On 13/01/2003 at 12:01 -0600, Nigel Hamilton wrote:

[...] the power is in the author's hands to licence it whatever way they
want!
What if your rights as an author are drowned out by your employer's contract over you? Who was the person at Disney who drew Ariel, the Little Mermaid, for the first time? Is that image their propery? No. Disney own it. And Disney, being a corporation, will try to retain copyright on that depiction as long as it exists. Meanwhile, the real author will never be known.

In case you think that doesn't apply to you, there have been arguments about this before on list. You may be happy to have to put your employers name on every piece of code you write (even if it's not during work hours), but plenty of people aren't and have found renegotiating such contract provisions to be necessary.

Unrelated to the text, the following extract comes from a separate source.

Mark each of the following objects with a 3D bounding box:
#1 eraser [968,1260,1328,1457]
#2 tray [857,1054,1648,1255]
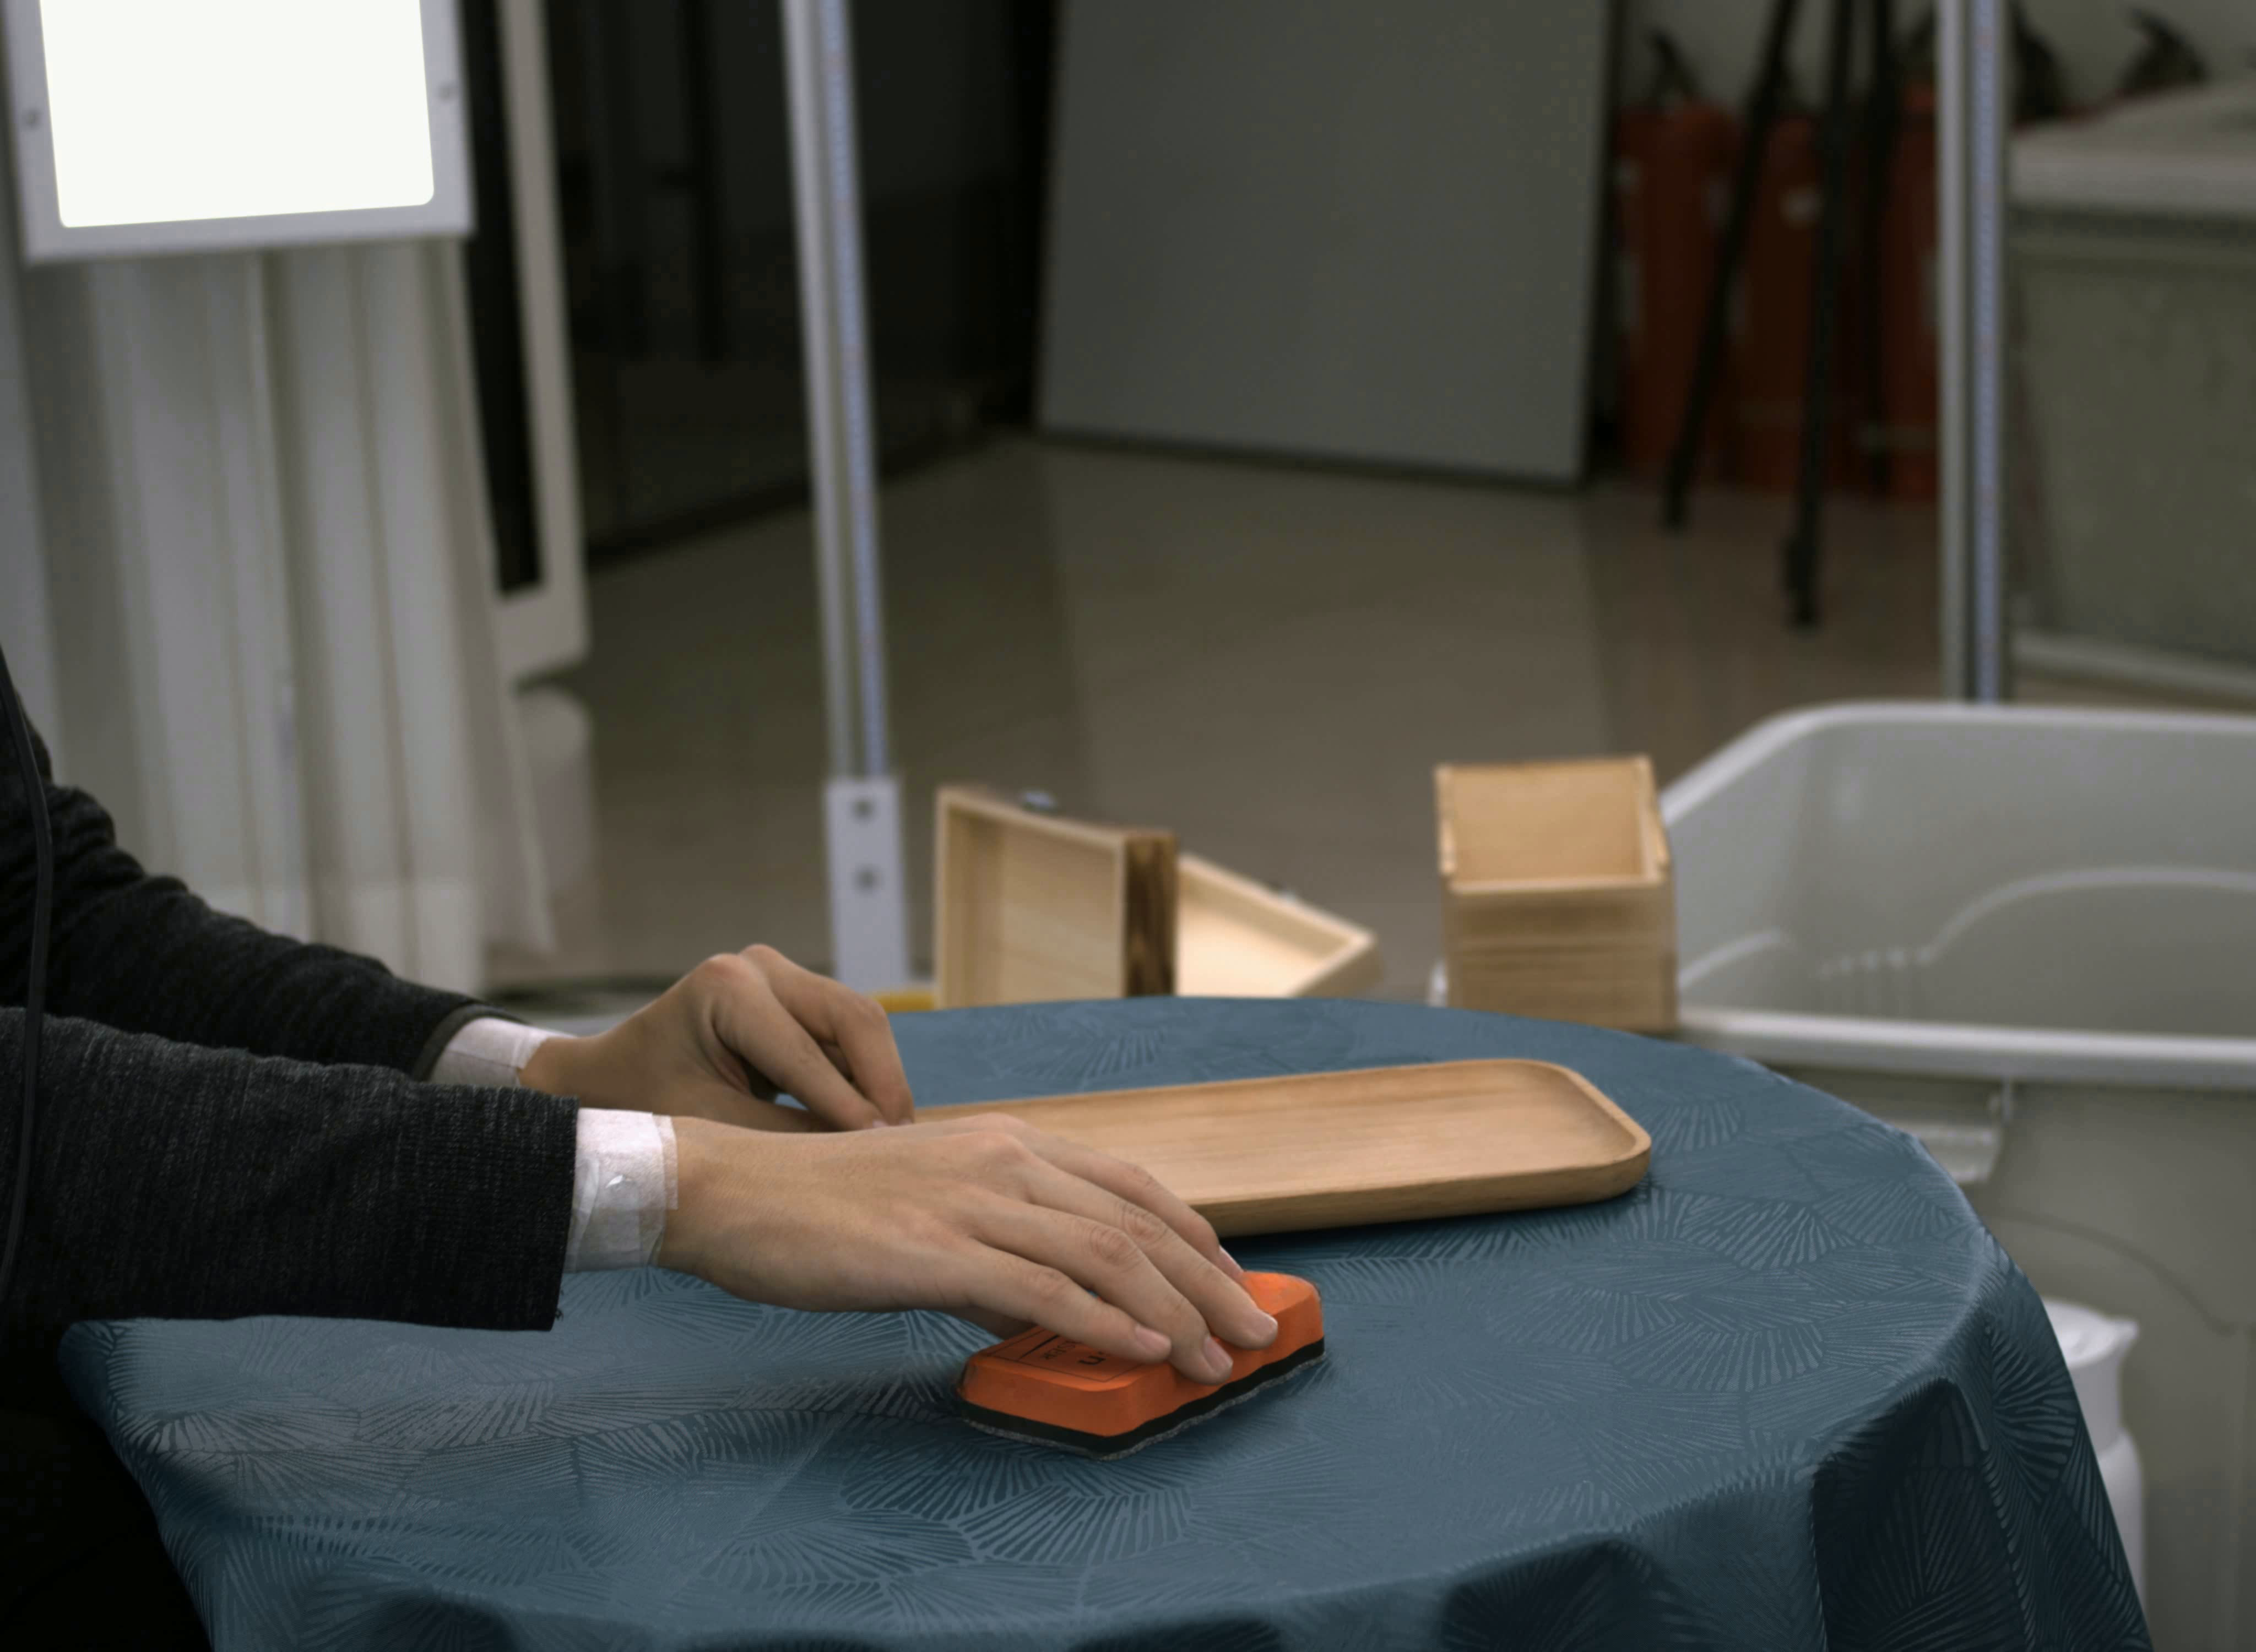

 Of course. The point I believe Andy is making is that copyright law
 no longer servers readers or authors, but publishers. Raging against
 the machine is exactly the point; the machine is what's getting the
 power, not the people.
I totally disagree ... copyright protects the author ... and it's the
underlying legal machinery that *makes* the GPL (and others) work!
Do you percieve that my argument is not about stopping the existence of copyright, but stopping its undue extension both in time and scope to things it was never intended to cover, and by entites who were never meant to hold sway over it? The preceeding paragraph makes it clear you do not.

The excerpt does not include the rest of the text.